Lo esencial antes de abrir la zanja
- Los bataches permiten excavar la pantalla por tramos para mantener la estabilidad del terreno y controlar mejor las juntas.
- El murete guía suele tener entre 70 y 100 cm de altura y entre 10 y 50 cm de espesor, y ayuda a alinear la excavación.
- La zanja se estabiliza con lodo bentonítico o polimérico, que debe mantenerse por encima del nivel freático y dentro de especificaciones.
- La secuencia correcta es excavación, limpieza del fondo, colocación de armadura, hormigonado por tubo tremie y tratamiento de la cabeza.
- La elección entre cuchara bivalva, hidrofresa o trépano depende más del terreno y de las vibraciones admisibles que de la velocidad nominal.
- Los fallos más caros suelen venir de una mala verticalidad, lodo sucio, juntas mal resueltas y una coordinación pobre entre paneles primarios y secundarios.

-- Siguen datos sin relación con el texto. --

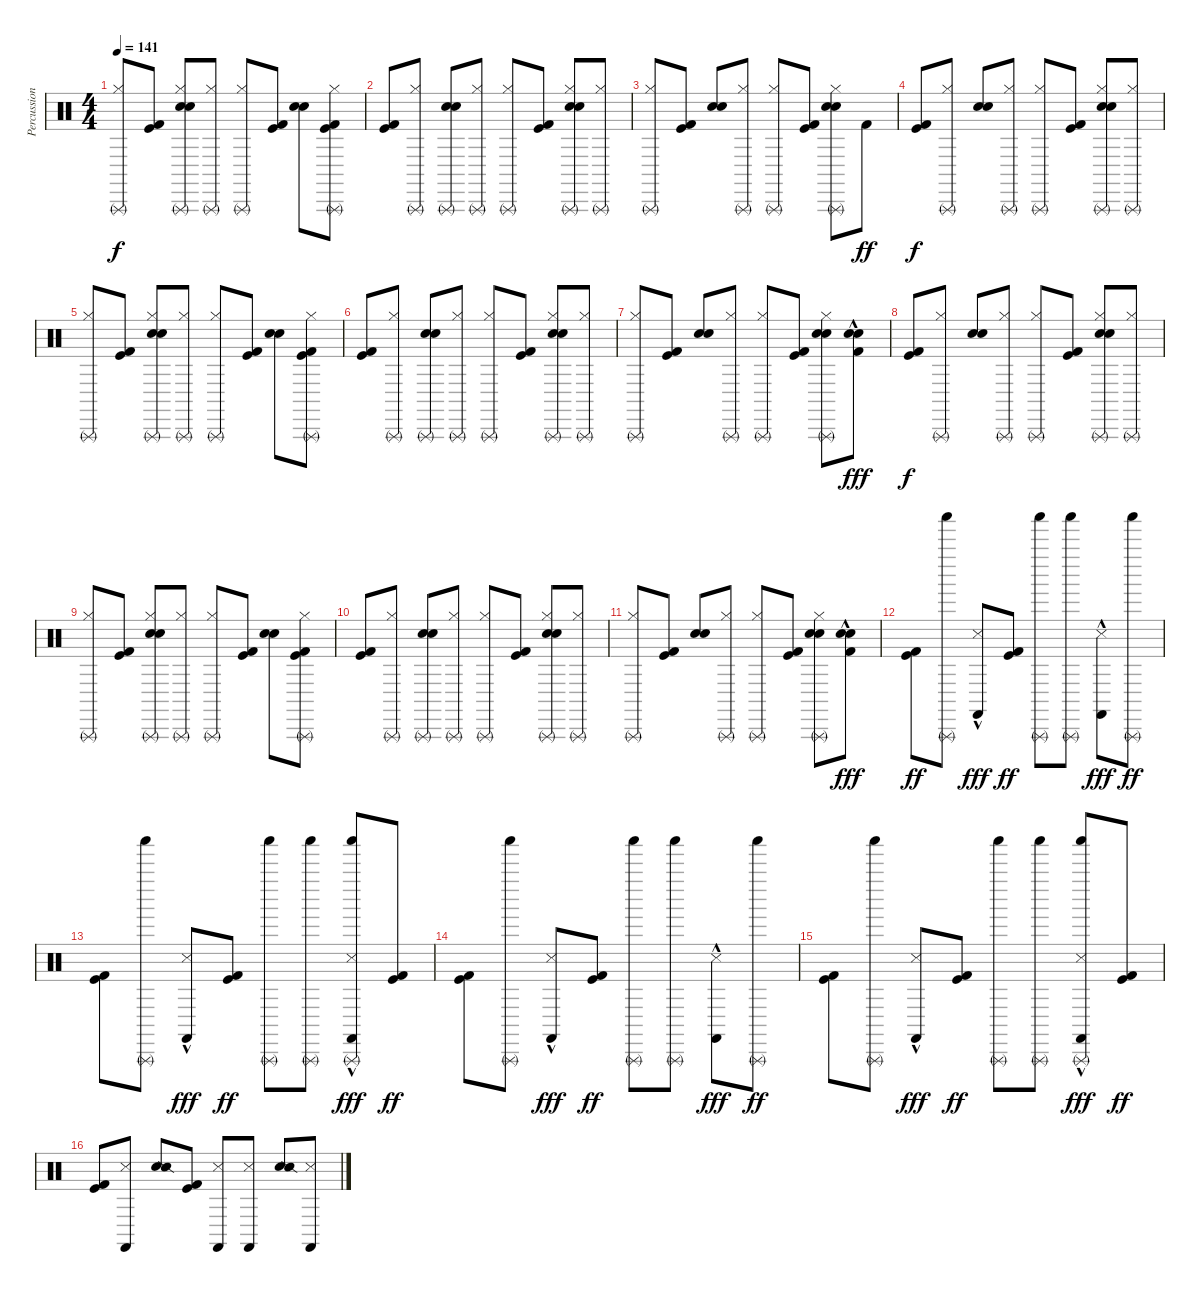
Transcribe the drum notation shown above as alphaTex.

\track ("Percussion" "Percussion") {instrument percussion}
\staff {score}
\articulation defaults
\ts (4 4)
\tempo 141
\clef neutral
\ks c
("Hi-Hat (closed)" "Triangle (rnute)").8{dy f} ("Kick (hit)" "Kick (hit) 2").8 ("Snare (hit) 2" "Electric Snare (hit)" "Hi-Hat (closed)" "Triangle (rnute)").8 ("Hi-Hat (closed)" "Triangle (rnute)").8 ("Hi-Hat (closed)" "Triangle (rnute)").8 ("Kick (hit)" "Kick (hit) 2").8 ("Snare (hit) 2" "Electric Snare (hit)").8 ("Kick (hit)" "Kick (hit) 2" "Hi-Hat (closed)" "Triangle (rnute)").8 |
("Kick (hit)" "Kick (hit) 2").8 ("Hi-Hat (closed)" "Triangle (rnute)").8 ("Snare (hit) 2" "Electric Snare (hit)" "Triangle (rnute)").8 ("Hi-Hat (closed)" "Triangle (rnute)").8 ("Hi-Hat (closed)" "Triangle (rnute)").8 ("Kick (hit)" "Kick (hit) 2").8 ("Snare (hit) 2" "Electric Snare (hit)" "Hi-Hat (closed)" "Triangle (rnute)").8 ("Hi-Hat (closed)" "Triangle (rnute)").8 |
("Hi-Hat (closed)" "Triangle (rnute)").8 ("Kick (hit)" "Kick (hit) 2").8 ("Snare (hit) 2" "Electric Snare (hit)").8 ("Hi-Hat (closed)" "Triangle (rnute)").8 ("Hi-Hat (closed)" "Triangle (rnute)").8 ("Kick (hit)" "Kick (hit) 2").8 ("Snare (hit) 2" "Electric Snare (hit)" "Hi-Hat (closed)" "Triangle (rnute)").8 "Kick (hit) 2".8{dy ff} |
("Kick (hit)" "Kick (hit) 2").8{dy f} ("Hi-Hat (closed)" "Triangle (rnute)").8 ("Snare (hit) 2" "Electric Snare (hit)").8 ("Hi-Hat (closed)" "Triangle (rnute)").8 ("Hi-Hat (closed)" "Triangle (rnute)").8 ("Kick (hit)" "Kick (hit) 2").8 ("Snare (hit) 2" "Electric Snare (hit)" "Hi-Hat (closed)" "Triangle (rnute)").8 ("Hi-Hat (closed)" "Triangle (rnute)").8 |
("Hi-Hat (closed)" "Triangle (rnute)").8 ("Kick (hit)" "Kick (hit) 2").8 ("Snare (hit) 2" "Electric Snare (hit)" "Hi-Hat (closed)" "Triangle (rnute)").8 ("Hi-Hat (closed)" "Triangle (rnute)").8 ("Hi-Hat (closed)" "Triangle (rnute)").8 ("Kick (hit)" "Kick (hit) 2").8 ("Snare (hit) 2" "Electric Snare (hit)").8 ("Kick (hit)" "Kick (hit) 2" "Hi-Hat (closed)" "Triangle (rnute)").8 |
("Kick (hit)" "Kick (hit) 2").8 ("Hi-Hat (closed)" "Triangle (rnute)").8 ("Snare (hit) 2" "Electric Snare (hit)" "Triangle (rnute)").8 ("Hi-Hat (closed)" "Triangle (rnute)").8 ("Hi-Hat (closed)" "Triangle (rnute)").8 ("Kick (hit)" "Kick (hit) 2").8 ("Snare (hit) 2" "Electric Snare (hit)" "Hi-Hat (closed)" "Triangle (rnute)").8 ("Hi-Hat (closed)" "Triangle (rnute)").8 |
("Hi-Hat (closed)" "Triangle (rnute)").8 ("Kick (hit)" "Kick (hit) 2").8 ("Snare (hit) 2" "Electric Snare (hit)").8 ("Hi-Hat (closed)" "Triangle (rnute)").8 ("Hi-Hat (closed)" "Triangle (rnute)").8 ("Kick (hit)" "Kick (hit) 2").8 ("Snare (hit) 2" "Electric Snare (hit)" "Hi-Hat (closed)" "Triangle (rnute)").8 ("Kick (hit) 2" "Snare (hit) 2" "Electric Snare (hit)"{hac}).8{dy fff} |
("Kick (hit)" "Kick (hit) 2").8{dy f} ("Hi-Hat (closed)" "Triangle (rnute)").8 ("Snare (hit) 2" "Electric Snare (hit)").8 ("Hi-Hat (closed)" "Triangle (rnute)").8 ("Hi-Hat (closed)" "Triangle (rnute)").8 ("Kick (hit)" "Kick (hit) 2").8 ("Snare (hit) 2" "Electric Snare (hit)" "Hi-Hat (closed)" "Triangle (rnute)").8 ("Hi-Hat (closed)" "Triangle (rnute)").8 |
("Hi-Hat (closed)" "Triangle (rnute)").8 ("Kick (hit)" "Kick (hit) 2").8 ("Snare (hit) 2" "Electric Snare (hit)" "Hi-Hat (closed)" "Triangle (rnute)").8 ("Hi-Hat (closed)" "Triangle (rnute)").8 ("Hi-Hat (closed)" "Triangle (rnute)").8 ("Kick (hit)" "Kick (hit) 2").8 ("Snare (hit) 2" "Electric Snare (hit)").8 ("Kick (hit)" "Kick (hit) 2" "Hi-Hat (closed)" "Triangle (rnute)").8 |
("Kick (hit)" "Kick (hit) 2").8 ("Hi-Hat (closed)" "Triangle (rnute)").8 ("Snare (hit) 2" "Electric Snare (hit)" "Triangle (rnute)").8 ("Hi-Hat (closed)" "Triangle (rnute)").8 ("Hi-Hat (closed)" "Triangle (rnute)").8 ("Kick (hit)" "Kick (hit) 2").8 ("Snare (hit) 2" "Electric Snare (hit)" "Hi-Hat (closed)" "Triangle (rnute)").8 ("Hi-Hat (closed)" "Triangle (rnute)").8 |
("Hi-Hat (closed)" "Triangle (rnute)").8 ("Kick (hit)" "Kick (hit) 2").8 ("Snare (hit) 2" "Electric Snare (hit)").8 ("Hi-Hat (closed)" "Triangle (rnute)").8 ("Hi-Hat (closed)" "Triangle (rnute)").8 ("Kick (hit)" "Kick (hit) 2").8 ("Snare (hit) 2" "Electric Snare (hit)" "Hi-Hat (closed)" "Triangle (rnute)").8 ("Kick (hit) 2" "Snare (hit) 2" "Electric Snare (hit)"{hac}).8{dy fff} |
("Kick (hit)" "Kick (hit) 2").8{dy ff} ("Shaker (hit)" "Triangle (rnute)").8 ("Castanets (hit)"{hac} "Metronome (hit)"{hac}).8{dy fff} ("Kick (hit)" "Kick (hit) 2").8{dy ff} ("Shaker (hit)" "Triangle (rnute)").8 ("Shaker (hit)" "Triangle (rnute)").8 ("Castanets (hit)"{hac} "Metronome (hit)"{hac}).8{dy fff} ("Shaker (hit)" "Triangle (rnute)").8{dy ff} |
("Kick (hit)" "Kick (hit) 2").8 ("Shaker (hit)" "Triangle (rnute)").8 ("Castanets (hit)"{hac} "Metronome (hit)"{hac}).8{dy fff} ("Kick (hit)" "Kick (hit) 2").8{dy ff} ("Shaker (hit)" "Triangle (rnute)").8 ("Shaker (hit)" "Triangle (rnute)").8 ("Castanets (hit)"{hac} "Metronome (hit)"{hac} "Shaker (hit)"{hac} "Triangle (rnute)"{hac}).8{dy fff} ("Kick (hit)" "Kick (hit) 2").8{dy ff} |
("Kick (hit)" "Kick (hit) 2").8 ("Shaker (hit)" "Triangle (rnute)").8 ("Castanets (hit)"{hac} "Metronome (hit)"{hac}).8{dy fff} ("Kick (hit)" "Kick (hit) 2").8{dy ff} ("Shaker (hit)" "Triangle (rnute)").8 ("Shaker (hit)" "Triangle (rnute)").8 ("Castanets (hit)"{hac} "Metronome (hit)"{hac}).8{dy fff} ("Shaker (hit)" "Triangle (rnute)").8{dy ff} |
("Kick (hit)" "Kick (hit) 2").8 ("Shaker (hit)" "Triangle (rnute)").8 ("Castanets (hit)"{hac} "Metronome (hit)"{hac}).8{dy fff} ("Kick (hit)" "Kick (hit) 2").8{dy ff} ("Shaker (hit)" "Triangle (rnute)").8 ("Shaker (hit)" "Triangle (rnute)").8 ("Castanets (hit)"{hac} "Metronome (hit)"{hac} "Shaker (hit)"{hac} "Triangle (rnute)"{hac}).8{dy fff} ("Kick (hit)" "Kick (hit) 2").8{dy ff} |
("Kick (hit)" "Kick (hit) 2").8 ("Metronome (hit)" "Castanets (hit)").8 ("Electric Snare (hit)" "Snare (side stick) 2").8 ("Kick (hit)" "Kick (hit) 2").8 ("Metronome (hit)" "Castanets (hit)").8 ("Metronome (hit)" "Castanets (hit)").8 ("Electric Snare (hit)" "Snare (side stick) 2").8 ("Metronome (hit)" "Castanets (hit)").8
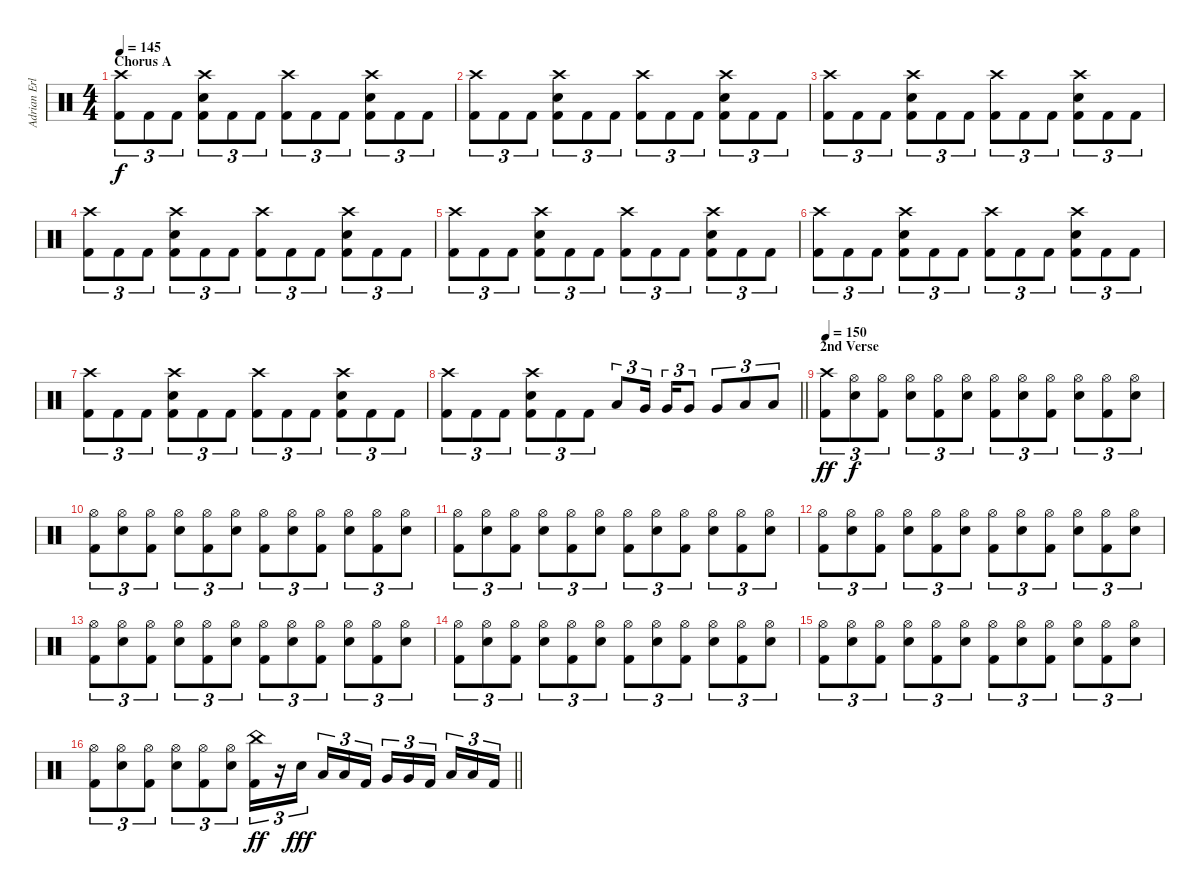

Qué resuelven los bataches en un muro pantalla
La lógica de los bataches es sencilla: no se excava toda la pantalla de una vez, sino por paneles sucesivos, para que el terreno conserve apoyos temporales mientras avanza la obra. En una pantalla de hormigón in situ, esa división no es un capricho; es la forma de controlar el empuje del suelo, reducir deformaciones y permitir que cada tramo quede bien unido al siguiente.
En proyectos habituales, los paneles suelen moverse en longitudes de 1,5 a 6 metros, con espesores que, según la obra y el equipo, pueden ir aproximadamente de 600 a 1.500 mm. Yo suelo verlo como una secuencia muy sensible: si el primer corte entra mal, todo lo demás se complica, porque la pantalla no solo tiene que resistir, también tiene que quedar perfectamente alineada y estanca.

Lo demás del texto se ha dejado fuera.